The company built the site, and set it up in Databank for us, then handed it off to us. I'm almost positive that's from their configuration. Would that cause an error with Let's Encrypt? Even after I cleaned up the cert and force renewed it (to test the renewal), the configuration stuck. I'm still unsure what would cause it to switch to a cert for s06007.

1 Like

I think the overlap between the virtual hosts defined in ssl.conf and 01-brynathyn.oudeve.com-le-ssl.conf is causing some troubles. Could you post the whole contents of ssl.conf?

2 Likes

I swtiched to nginx long ago, but from what i remember of apache... i think this issue could happen because the server block for the desired websites has a catchall and/or hostname on it.

i typically set the desired websites into a single explicit serverblock, then use a separate catchall/default to redirect to the desired domains.

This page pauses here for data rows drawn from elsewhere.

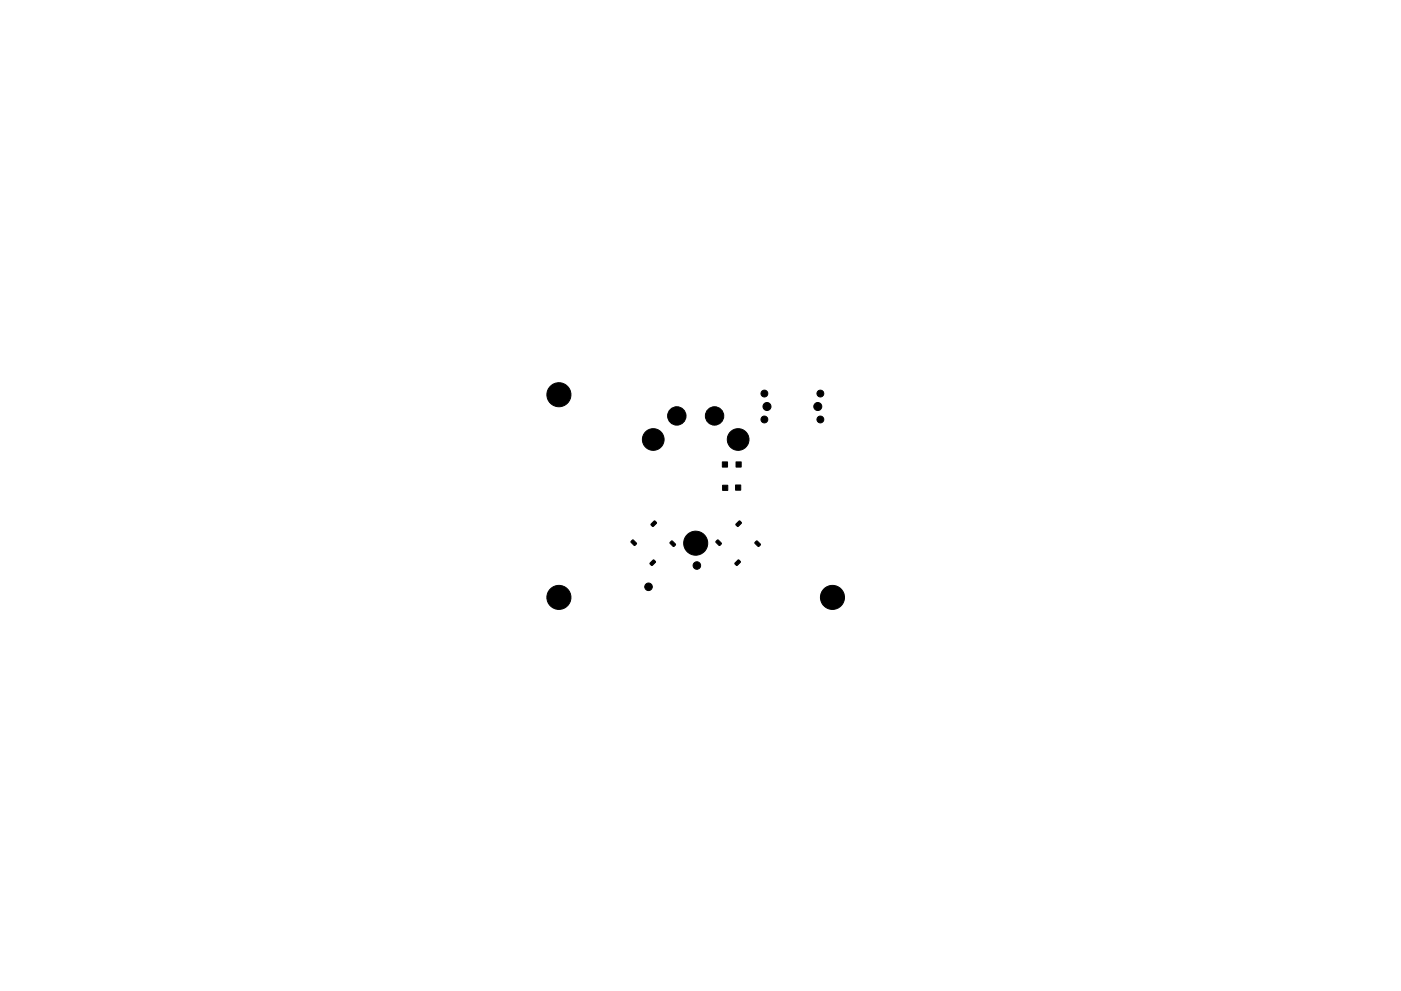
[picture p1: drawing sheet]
<svg xmlns="http://www.w3.org/2000/svg" width="297mm" height="210mm" viewBox="0 0 297 210" stroke-linecap="round" stroke-linejoin="round" font-family="sans-serif">
<g fill="#000" stroke="#000" stroke-width=".21">
<path d="M153.2 98h1v1.1h-1zM156.1 98h1v1.1h-1zM133.8 114.8l.5-.2 .6 .6v.2l-.4 .3-.7-.6zM137.8 119.4l.7-.6 .5 .4-.7 .8-.5-.3zM138.1 111.2l.6-.7 .5 .4-.7 .8-.5-.3zM142.1 115.1l.4-.3 .7 .6v.2l-.5 .3-.6-.6zM151.8 114.8l.5-.2 .6 .6v.2l-.4 .3-.7-.6zM153.2 103h1.1v1h-1.1zM155.8 119.4l.7-.6 .5 .4-.7 .8-.5-.3zM156.7 110.6l.2-.1 .3 .5-.8 .7-.4-.4zM156 102.9h1v1.1h-1zM160.1 115.1l.4-.3 .7 .6v.2l-.5 .3-.6-.6z"/>
<circle cx="118.5" cy="83.7" r="2.55"/>
<circle cx="138.5" cy="93.2" r="2.3"/>
<circle cx="143.5" cy="88.2" r="1.95"/>
<circle cx="151.5" cy="88.2" r="1.95"/>
<circle cx="156.5" cy="93.2" r="2.3"/>
<circle cx="162.1" cy="89" r=".73"/>
<circle cx="162.1" cy="83.5" r=".73"/>
<circle cx="162.6" cy="86.2" r=".85"/>
<circle cx="173.4" cy="86.2" r=".85"/>
<circle cx="173.9" cy="89" r=".73"/>
<circle cx="173.9" cy="83.5" r=".73"/>
<circle cx="147.5" cy="115.2" r="2.55"/>
<circle cx="147.7" cy="120" r=".8"/>
<circle cx="118.5" cy="126.7" r="2.55"/>
<circle cx="137.5" cy="124.5" r=".8"/>
<circle cx="176.5" cy="126.7" r="2.55"/>
</g>
</svg>

if the issue is because of the defaults, switching to a dedicated server block should fix that.

2 Likes

I removed the commented out lines.

cat /etc/httpd/conf.d/ssl.conf

Listen 443 https

SSLPassPhraseDialog exec:/usr/libexec/httpd-ssl-pass-dialog

SSLSessionCache         shmcb:/run/httpd/sslcache(512000)
SSLSessionCacheTimeout  300

SSLRandomSeed startup file:/dev/urandom  256
SSLRandomSeed connect builtin

SSLCryptoDevice builtin

<VirtualHost _default_:443>

ErrorLog logs/ssl_error_log
TransferLog logs/ssl_access_log
LogLevel warn
SSLEngine on
SSLProtocol all -SSLv2 -SSLv3

SSLCipherSuite HIGH:3DES:!aNULL:!MD5:!SEED:!IDEA

SSLCertificateFile /etc/pki/tls/certs/localhost.crt
SSLCertificateKeyFile /etc/pki/tls/private/localhost.key

<Files ~ "\.(cgi|shtml|phtml|php3?)$">
    SSLOptions +StdEnvVars
</Files>
<Directory "/var/www/cgi-bin">
    SSLOptions +StdEnvVars
</Directory>

BrowserMatch "MSIE [2-5]" \
         nokeepalive ssl-unclean-shutdown \
         downgrade-1.0 force-response-1.0

CustomLog logs/ssl_request_log \
          "%t %h %{SSL_PROTOCOL}x %{SSL_CIPHER}x \"%r\" %b"

</VirtualHost>
2 Likes

Now I'm confused about how this happens

if that name isn't mentioned anywhere in that file!

1 Like

Probably the servers own hostname:

If no ServerName is specified, the server attempts to deduce the client visible hostname by first asking the operating system for the system hostname, and if that fails, performing a reverse lookup on an IP address present on the system.

(core - Apache HTTP Server Version 2.4)

3 Likes

That's what it is. s06007 is his server's name on databank.host. Going to s06007.databank.host serves up the page below (which is not secure).

image

1 Like

I'm confused about how the server name is ending up in my SSL cert. Is that certbot's doing, or Apache?

1 Like

Apache. If you don't set a ServerName directive in <VirtualHost> section, Apache will use the hostname of the server. Please see the documentation I linked above.

1 Like

This is why I think my approach will work. You make a first virtualhost for domain you want, with the explicit server names, and then a second virtualhost/server for the default, which just redirects to the intended domain.

This gets around most servername issues I have encountered.

e.g.

<VirtualHost _default_:*>
   # never serve anything but a redirect on the default server
   Redirect / https://www.example.com
</VirtualHost>
<VirtualHost *:443>
    ServerName www.example.com
</VirtualHost>
1 Like

This topic was automatically closed 30 days after the last reply. New replies are no longer allowed.